+++ Data to process
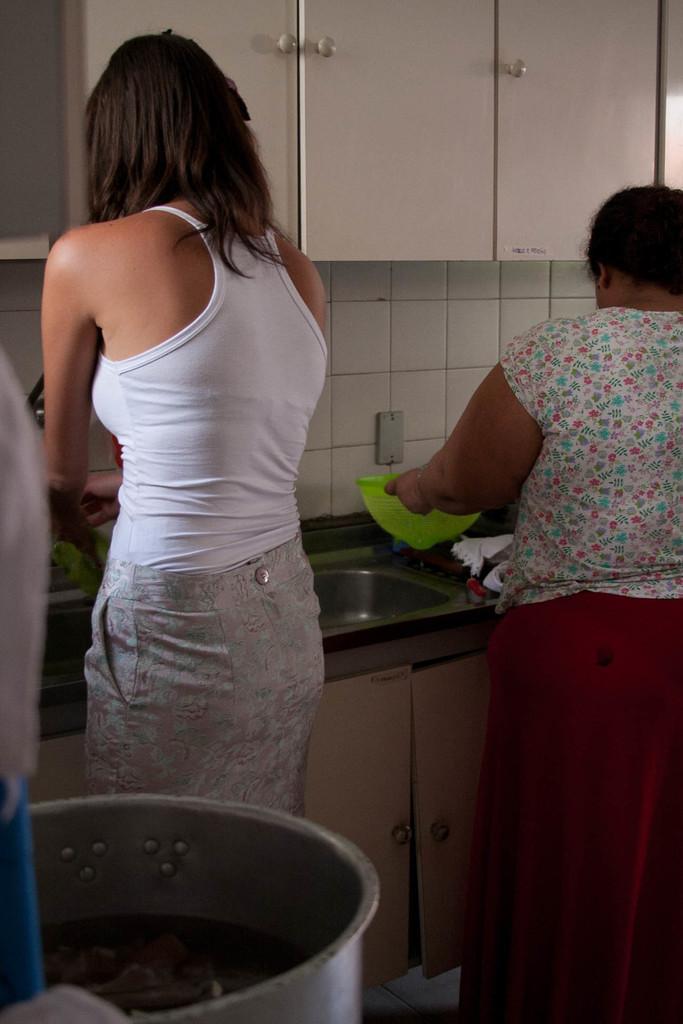Please provide a concise description of this image. On the left side, there is a woman in a white color T-shirt, standing. Behind her, there is a tin. On the right side, there is another woman holding a green color bowl and standing in front of a table, on which there is a sink. This table is a having cupboard. Above this table, there are cupboards attached to the white wall. 
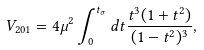<formula> <loc_0><loc_0><loc_500><loc_500>V _ { 2 0 1 } = 4 \mu ^ { 2 } \int _ { 0 } ^ { t _ { \sigma } } { d t } \frac { t ^ { 3 } ( 1 + t ^ { 2 } ) } { ( 1 - t ^ { 2 } ) ^ { 3 } } ,</formula> 
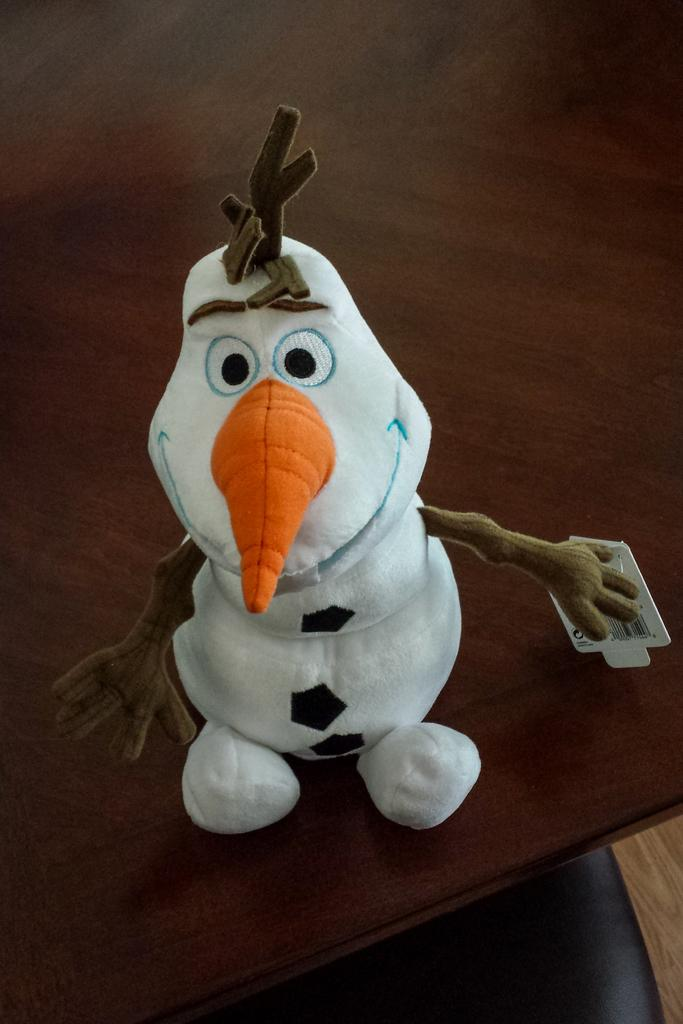What is the main subject of the image? There is a doll in the image. Can you describe the object on the table in the image? Unfortunately, the facts provided do not give any details about the object on the table. However, we can confirm that there is an object on the table. How many buckets are visible in the image? There are no buckets present in the image. Can you describe the skirt on the doll in the image? The facts provided do not mention any skirt on the doll. 
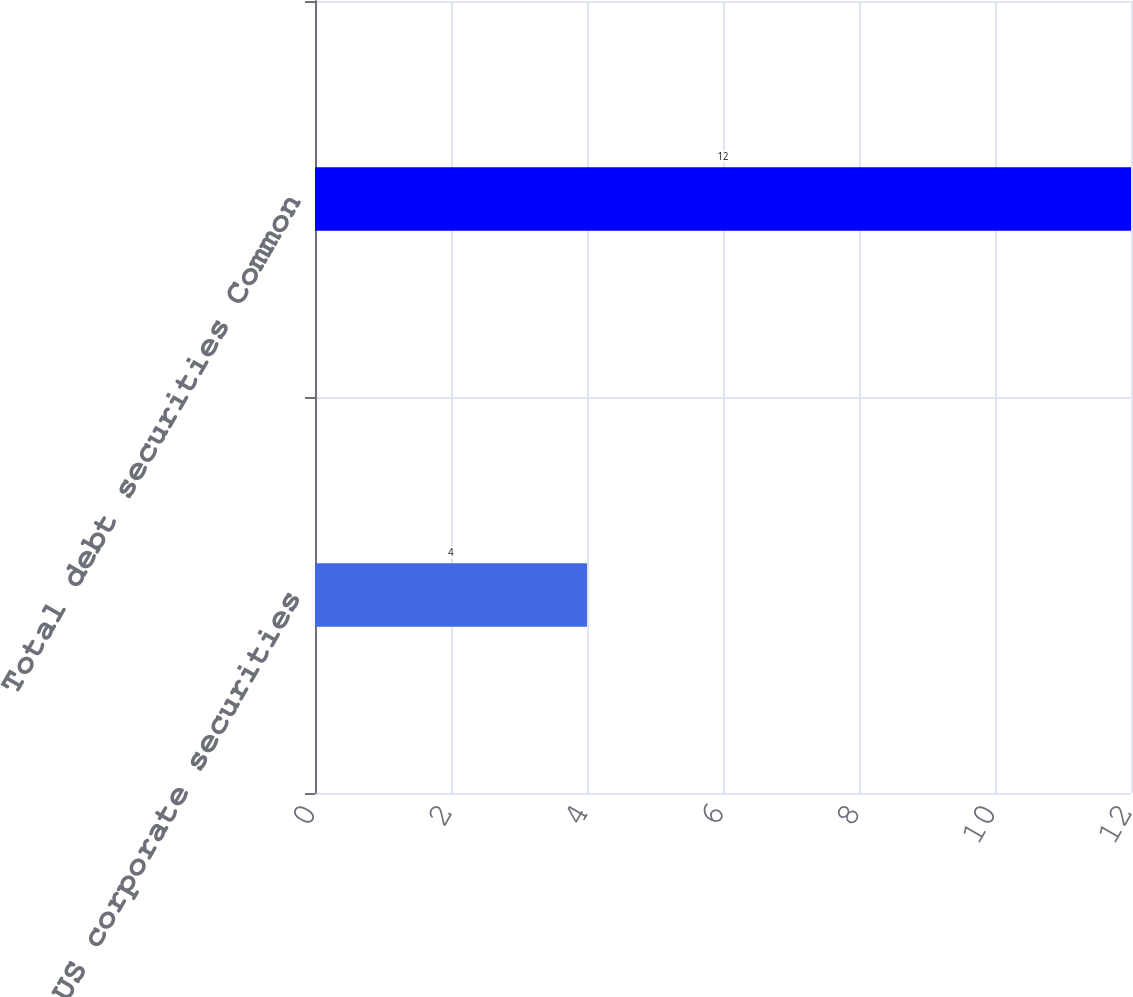Convert chart to OTSL. <chart><loc_0><loc_0><loc_500><loc_500><bar_chart><fcel>US corporate securities<fcel>Total debt securities Common<nl><fcel>4<fcel>12<nl></chart> 
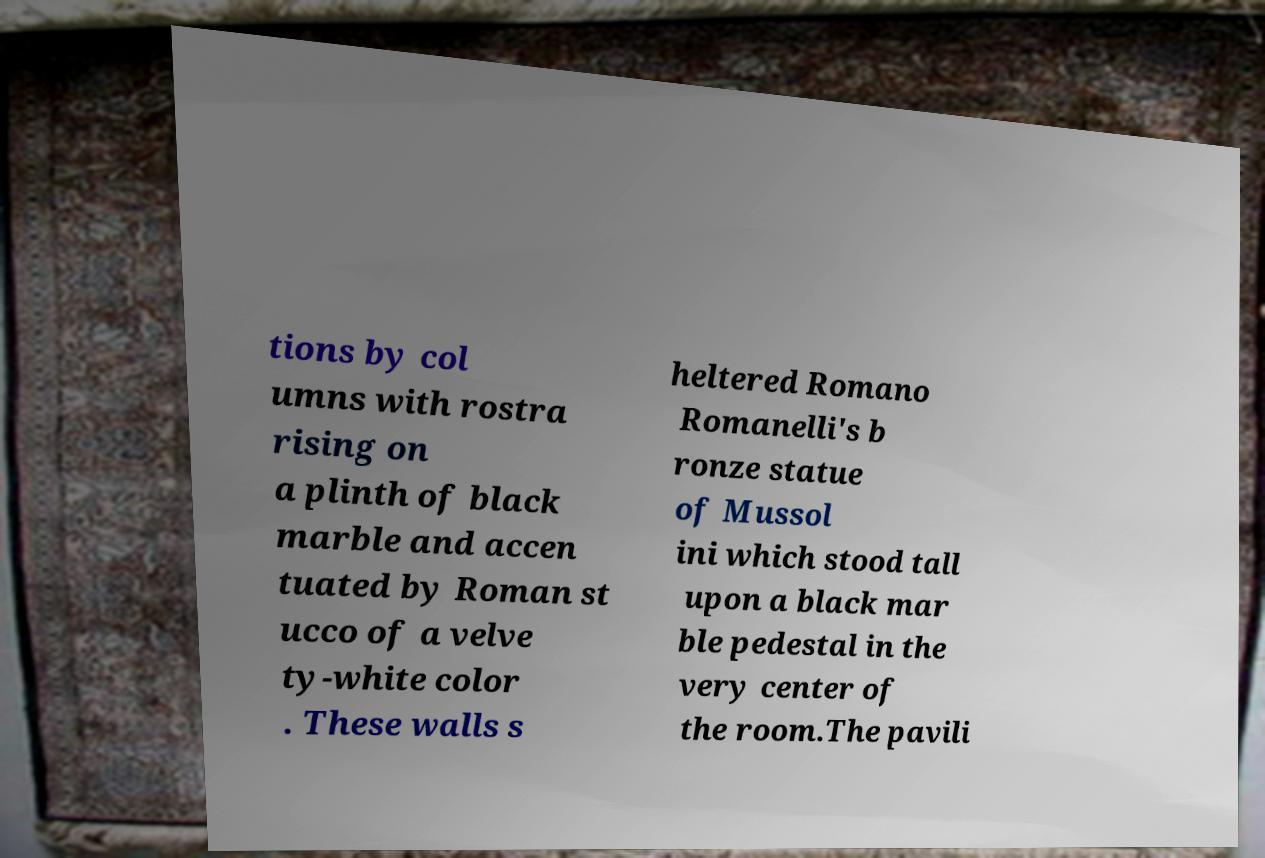Please read and relay the text visible in this image. What does it say? tions by col umns with rostra rising on a plinth of black marble and accen tuated by Roman st ucco of a velve ty-white color . These walls s heltered Romano Romanelli's b ronze statue of Mussol ini which stood tall upon a black mar ble pedestal in the very center of the room.The pavili 
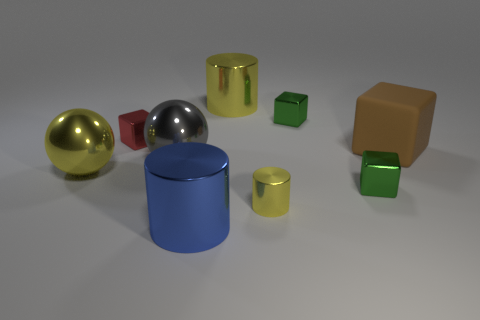Subtract all gray blocks. Subtract all red cylinders. How many blocks are left? 4 Add 1 yellow cubes. How many objects exist? 10 Subtract all balls. How many objects are left? 7 Subtract all large brown cubes. Subtract all matte cubes. How many objects are left? 7 Add 7 yellow objects. How many yellow objects are left? 10 Add 4 large cyan objects. How many large cyan objects exist? 4 Subtract 1 yellow cylinders. How many objects are left? 8 
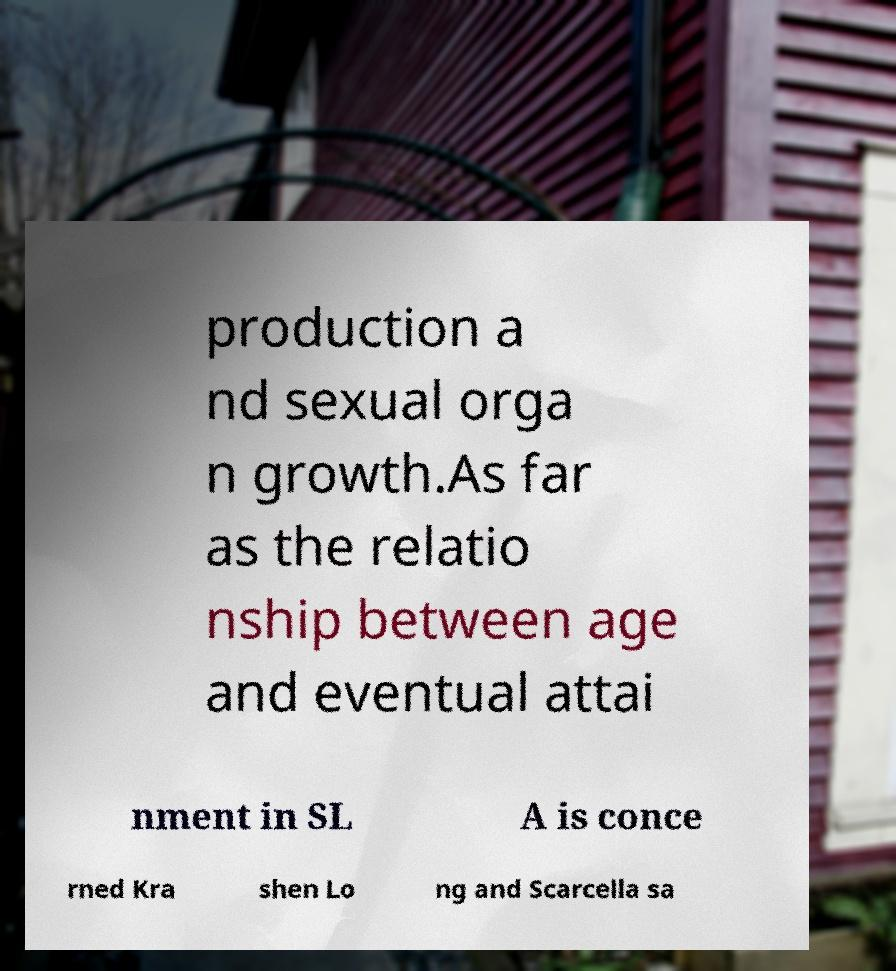I need the written content from this picture converted into text. Can you do that? production a nd sexual orga n growth.As far as the relatio nship between age and eventual attai nment in SL A is conce rned Kra shen Lo ng and Scarcella sa 
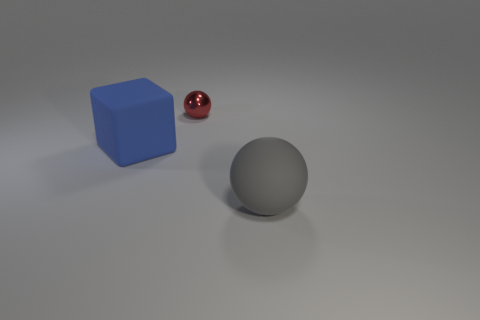Are there an equal number of big things to the right of the gray matte object and large blue things that are left of the small sphere?
Provide a short and direct response. No. Does the gray thing in front of the small red shiny thing have the same material as the thing left of the tiny object?
Make the answer very short. Yes. How many other objects are the same size as the red ball?
Give a very brief answer. 0. What number of objects are cubes or big things that are left of the red metal thing?
Keep it short and to the point. 1. Are there the same number of tiny metallic things that are in front of the big gray matte object and small metal cylinders?
Your answer should be compact. Yes. There is a large thing that is the same material as the large cube; what shape is it?
Your answer should be compact. Sphere. How many metal things are either blue cubes or tiny blue spheres?
Give a very brief answer. 0. What number of gray balls are behind the big gray rubber object to the right of the large blue thing?
Give a very brief answer. 0. How many large objects are the same material as the big gray sphere?
Provide a succinct answer. 1. How many small objects are either blue objects or yellow cylinders?
Your answer should be compact. 0. 
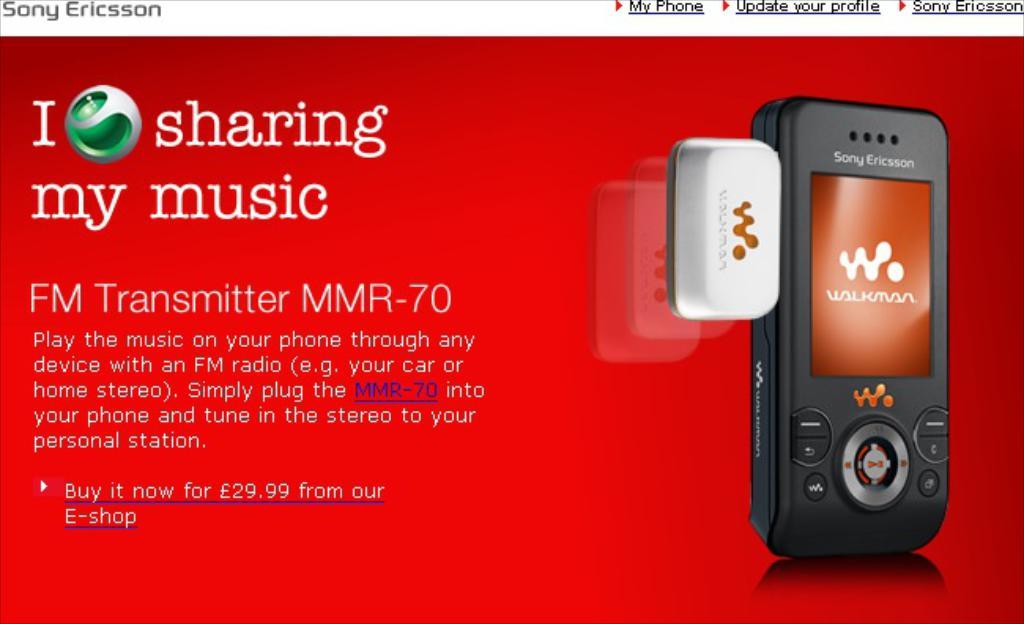What do they love sharing?
Make the answer very short. Music. What is this?
Ensure brevity in your answer.  Fm transmitter. 
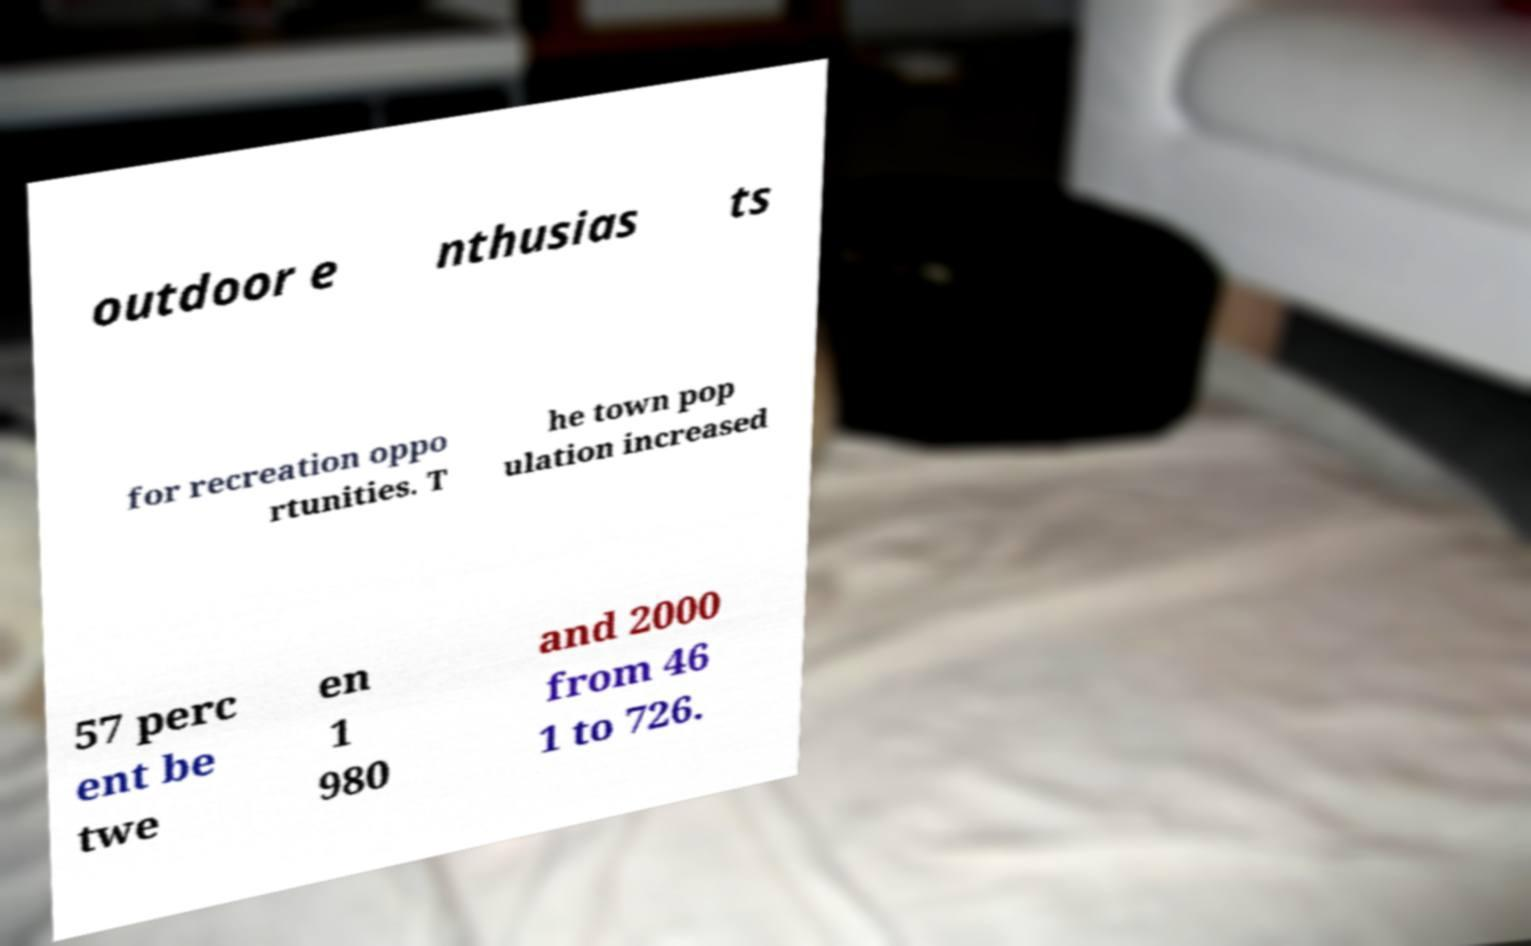For documentation purposes, I need the text within this image transcribed. Could you provide that? outdoor e nthusias ts for recreation oppo rtunities. T he town pop ulation increased 57 perc ent be twe en 1 980 and 2000 from 46 1 to 726. 
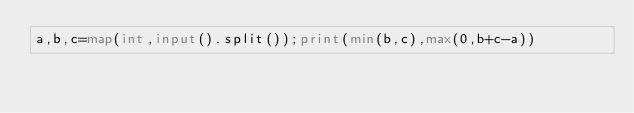Convert code to text. <code><loc_0><loc_0><loc_500><loc_500><_Python_>a,b,c=map(int,input().split());print(min(b,c),max(0,b+c-a))</code> 
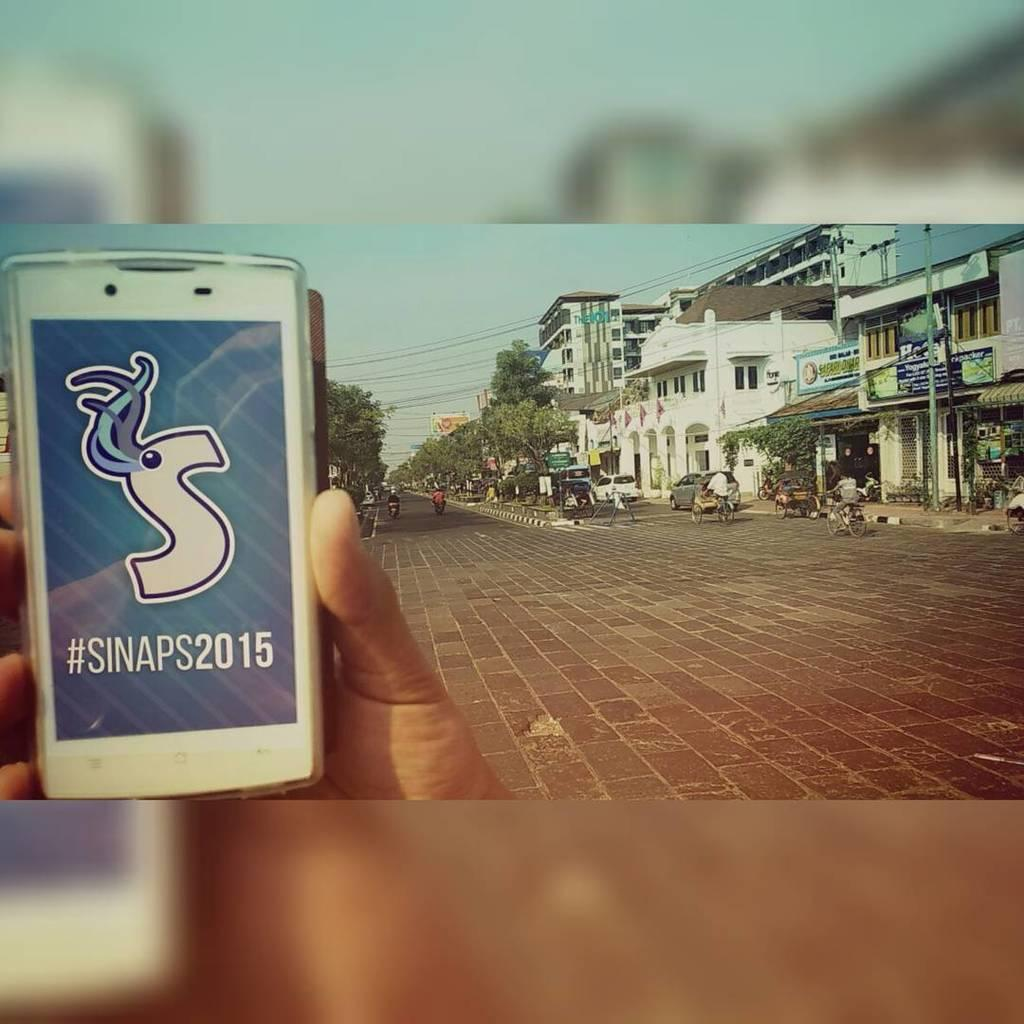<image>
Render a clear and concise summary of the photo. a cellphone reading Sinaps 2015 held over a brick road
++++++
Check each line of the records for the word "should", and show the lines that contain it.

Your answer should be compact. Yes. There is a large thing that is the same material as the large cube; what shape is it?
Your answer should be compact. Sphere. How many metal things are either blue cubes or tiny blue spheres?
Your answer should be compact. 0. 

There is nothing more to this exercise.